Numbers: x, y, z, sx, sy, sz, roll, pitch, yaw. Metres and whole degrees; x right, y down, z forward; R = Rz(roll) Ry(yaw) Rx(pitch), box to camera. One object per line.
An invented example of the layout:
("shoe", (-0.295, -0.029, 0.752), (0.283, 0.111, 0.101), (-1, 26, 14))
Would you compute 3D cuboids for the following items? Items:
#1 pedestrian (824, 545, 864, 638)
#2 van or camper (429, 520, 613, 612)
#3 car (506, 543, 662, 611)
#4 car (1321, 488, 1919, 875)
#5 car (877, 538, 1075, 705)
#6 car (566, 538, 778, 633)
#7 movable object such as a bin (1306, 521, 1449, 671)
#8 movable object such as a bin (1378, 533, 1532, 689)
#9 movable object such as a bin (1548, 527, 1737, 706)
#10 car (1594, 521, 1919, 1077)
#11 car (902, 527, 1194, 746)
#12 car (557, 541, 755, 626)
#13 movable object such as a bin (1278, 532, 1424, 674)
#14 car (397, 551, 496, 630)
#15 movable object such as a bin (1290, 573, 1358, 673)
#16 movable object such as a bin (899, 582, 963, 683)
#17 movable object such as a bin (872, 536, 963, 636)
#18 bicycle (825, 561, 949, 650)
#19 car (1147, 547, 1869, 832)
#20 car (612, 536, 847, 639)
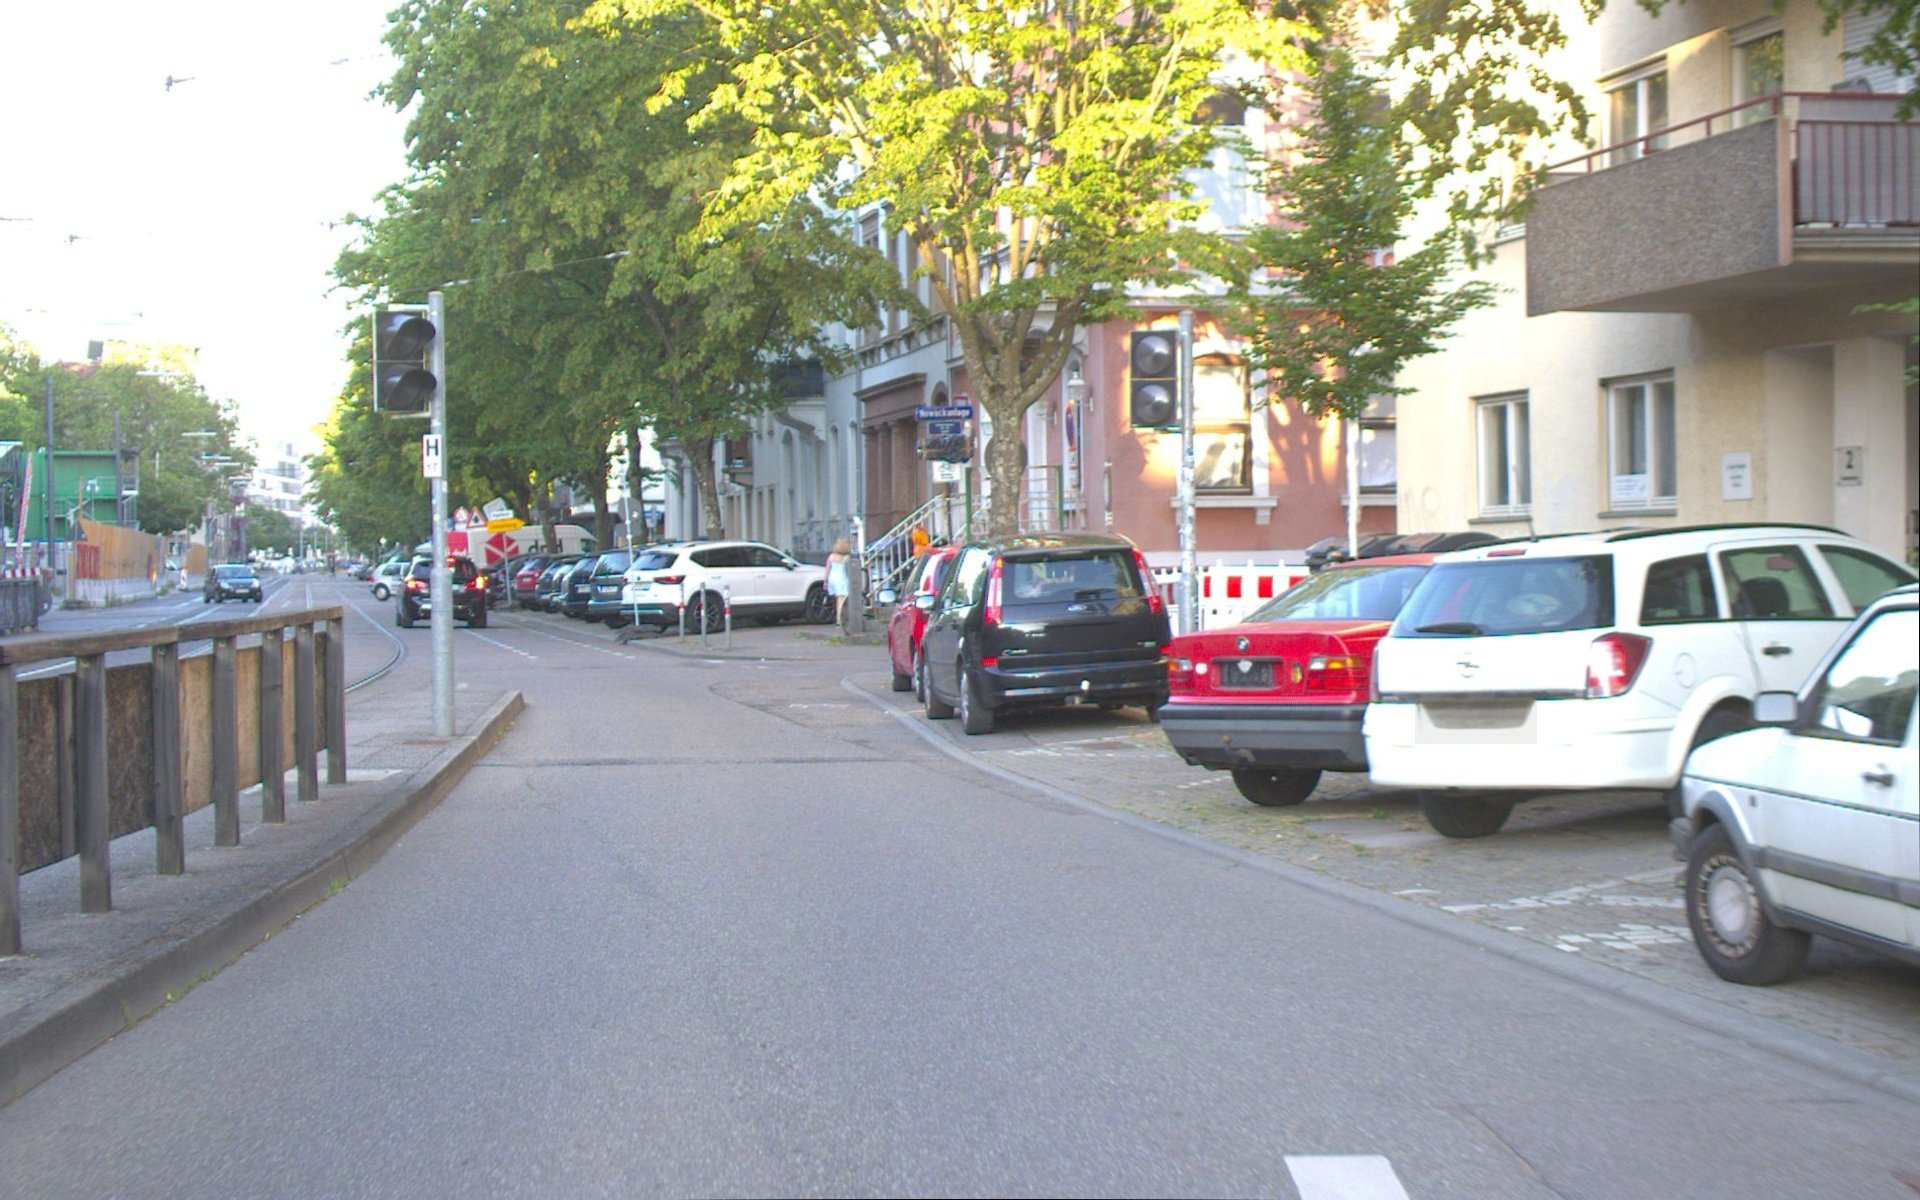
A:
______
» **PROBLEM DESCRIPTION**: Output every entry exactly, leaving out pictures.

» **RESPONSE FOR THIS EXERCISE**:
Numbers: x, y, z, sx, sy, sz, roll, pitch, yaw. Metres and whole degrees; x right, y down, z forward; R = Rz(roll) Ry(yaw) Rx(pitch), box to camera. One object per line.
An invented example of the layout:
("shoe", (-0.295, -0.029, 0.752), (0.283, 0.111, 0.101), (-1, 26, 14))
Would you compute 3D cuboids for the following items? Items:
#1 pedestrian (824, 545, 864, 638)
#2 van or camper (429, 520, 613, 612)
#3 car (506, 543, 662, 611)
#4 car (1321, 488, 1919, 875)
#5 car (877, 538, 1075, 705)
#6 car (566, 538, 778, 633)
#7 movable object such as a bin (1306, 521, 1449, 671)
#8 movable object such as a bin (1378, 533, 1532, 689)
#9 movable object such as a bin (1548, 527, 1737, 706)
#10 car (1594, 521, 1919, 1077)
#11 car (902, 527, 1194, 746)
#12 car (557, 541, 755, 626)
#13 movable object such as a bin (1278, 532, 1424, 674)
#14 car (397, 551, 496, 630)
#15 movable object such as a bin (1290, 573, 1358, 673)
#16 movable object such as a bin (899, 582, 963, 683)
#17 movable object such as a bin (872, 536, 963, 636)
#18 bicycle (825, 561, 949, 650)
#19 car (1147, 547, 1869, 832)
#20 car (612, 536, 847, 639)
A:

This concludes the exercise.